Woman sues over Armed & Famous raid

A Muncie woman has filed suit over a home raid filmed for the CBS reality TV show Armed & Famous. The reality program, filmed in Muncie over the 2006-2007 winter months, showcased celebrities training and joining the ranks of the Muncie Police Department as reservists. In the lawsuit, Lyndsay Clements alleges that celebrity officer Jack Osbourne and members of the SWAT team entered her West Main Street home, detained her, and searched the apartment while looking for a fugitive. The officers quickly discovered they were in the wrong property. The suit alleges no apology was offered, and that footage from the incident even made it to TV on the program. In seeking $1 Million is damages, Clements and her attorney, Michael Sutherlin, list Jack Osbourne, officer Michael Edwards, Chief Joe Winkle, Mayor Dan Canan, CBS Corporation and production unit Good TV as defendants on the claims of violation of civil and constitutional rights and negligence in the training of celebrity cops.

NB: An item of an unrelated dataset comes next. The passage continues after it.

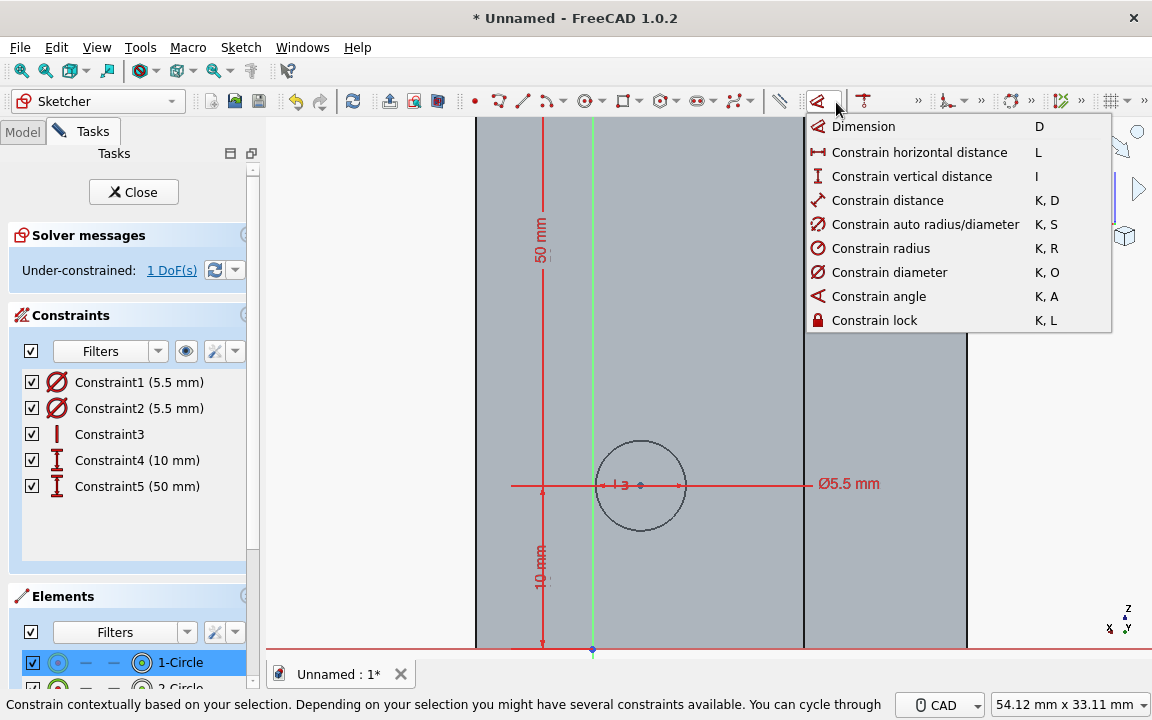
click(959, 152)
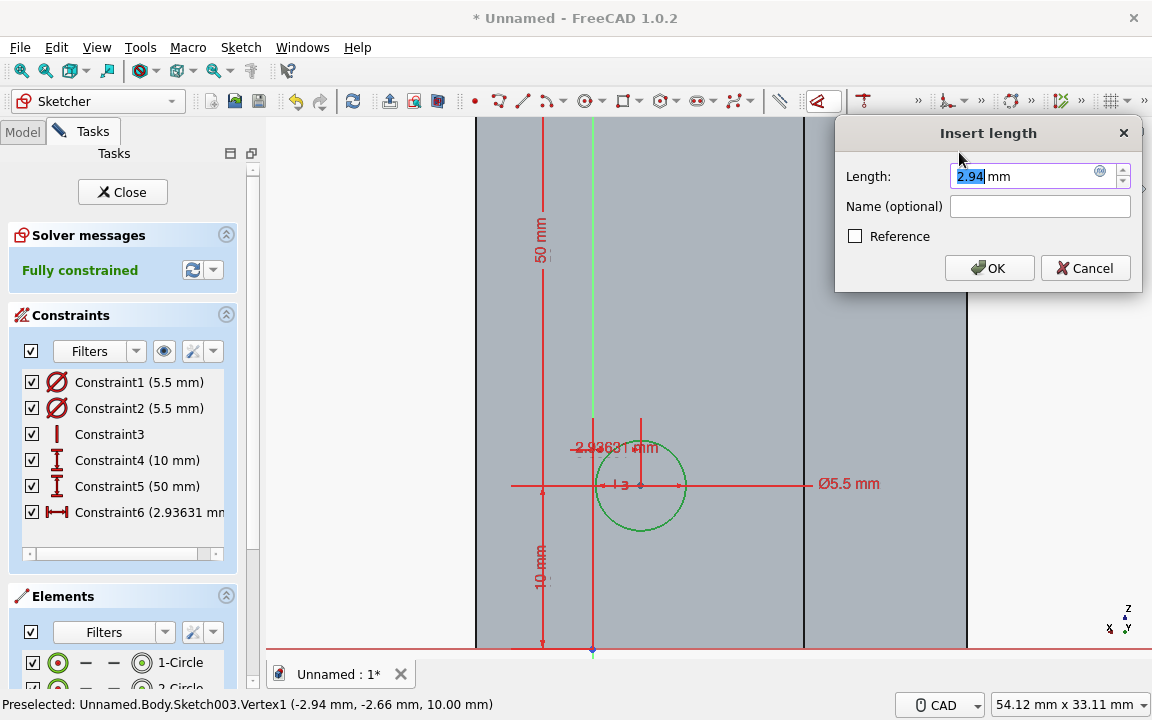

MHA cuts cost to head off expected losses

The Muncie Housing Authority could be losing upwards of $200,000. The Authority reported it became aware of the potential loss last winter as up to 20 percent of the $1.4 million federal funds used to subsidize operations may be reduced. The Authority operates Gillespie Tower, Earthstone Terrace, Southern Pines and Parkview public housing complexes. With some budget reduction already occurring through staff attrition and elimination of some staff backfills, officials are evaluating their next moves which could include contracting out maintenance work and selling of unused properties. The potential cuts only impact operational costs, as capital funds are separate and actually exceed $1 million available.

Mayor hits the road

The Anderson traveling City Hall sessions resume tonight at the Miami Room at the Anderson Public Library. Mayor Kevin Smith says the sessions are an extension of sessions typically only occurring within City Hall chambers. Tonight’s session continues a series of moving City Hall business into the open around the community. Library officials believe their location and facilities made for a win-win situation. Tonight’s session will run from 6 to 7 PM.

Aviation board violates open-door law

The Board of Aviation Commissioners in Anderson needed two hours to break a law. It happened Thursday when a meeting scheduled to begin at 5 PM was postponed without proper public notice until 7 PM. Under Indiana’s open-door law, public notice must be given within 48 hours of any meeting time or venue change. Rather than postponement, a technicality to remain within the law would have a been to meet and then recess for the 2 hour delay, a solution that board attorney John Blevins admitted would have been a better alternative. No motions or resolutions were passed during the rescheduled session.

CDC investigates Creutzfeldt-Jakob deaths

State health and Centers for Disease Control and Prevention officials have been alerted after four deaths in Northeastern Indiana hospitals have been linked to the rare brain disorder Creutzfeldt-Jakob Disease. Also known as CJD, the incurable disease rapidly attacks brain function and leads to death. Officials believe the CJD cases are from a classic form of the disease and are not related to mad cow disease, which is linked to a rarer CJD variant found in humans. Officials have no conclusions but are investigating the increased number of deaths in a region that should only expect one CJD death per year.

IU computer concerns

Indiana University officials have scrambled the passwords of 664 computer users, most of them students, after those users’ names and passwords were discovered on a computer involved in an FBI investigation. There’s no word on the facts of the FBI case, but what is known is that IU officials hope to provide security to users by scrambling the passwords and contacting affected parties to guide them through the process of rebuilding their computers to back up files and eradicate any potential problems caused by having their old passwords on the confiscated computer.

Steak n Shake cuts the trans-fat

Indianapolis-based Steak n Shake has announced that it is eliminating trans-fat in its frying oil in all of its multi-state, 478 restaurant chain, which includes locations in Anderson, Muncie and Marion. The company says it will remove other trans-fats from the menu as part of its long-term plan. Trans-fats, named for the chemical process that changes the way hydrogen bonds within the fat molecule, have been indicated to increase risk for heart disease.

Retired teacher sentenced

A retired teacher whose 41 year career included stops in Alexandria, Highland and Pendleton Heights was given a suspended 10-year sentence on a sexual misconduct conviction. Donald Julian retired in 2004 and admitted to a July 2005 incident, first to his wife and later to a pastor and to a child-abuse hotline. His attorneys also report Julian has undergone counseling since the incident.

Deputy to inmate

A former law enforcer will serve 90 days for breaking the law after the theft of generators. Former Randolph County deputy Sean Webb was convicted of stealing two generators from CSX Railroad during the 2005 ice storm. Webb resigned from the force after being indicted on the theft. Additional conspiracy charges were dismissed as Webb agreed to a plea agreement. Webb was actually given a standard 18-month sentence for the class D felony conviction, but will only serve 90 days with the rest being suspended.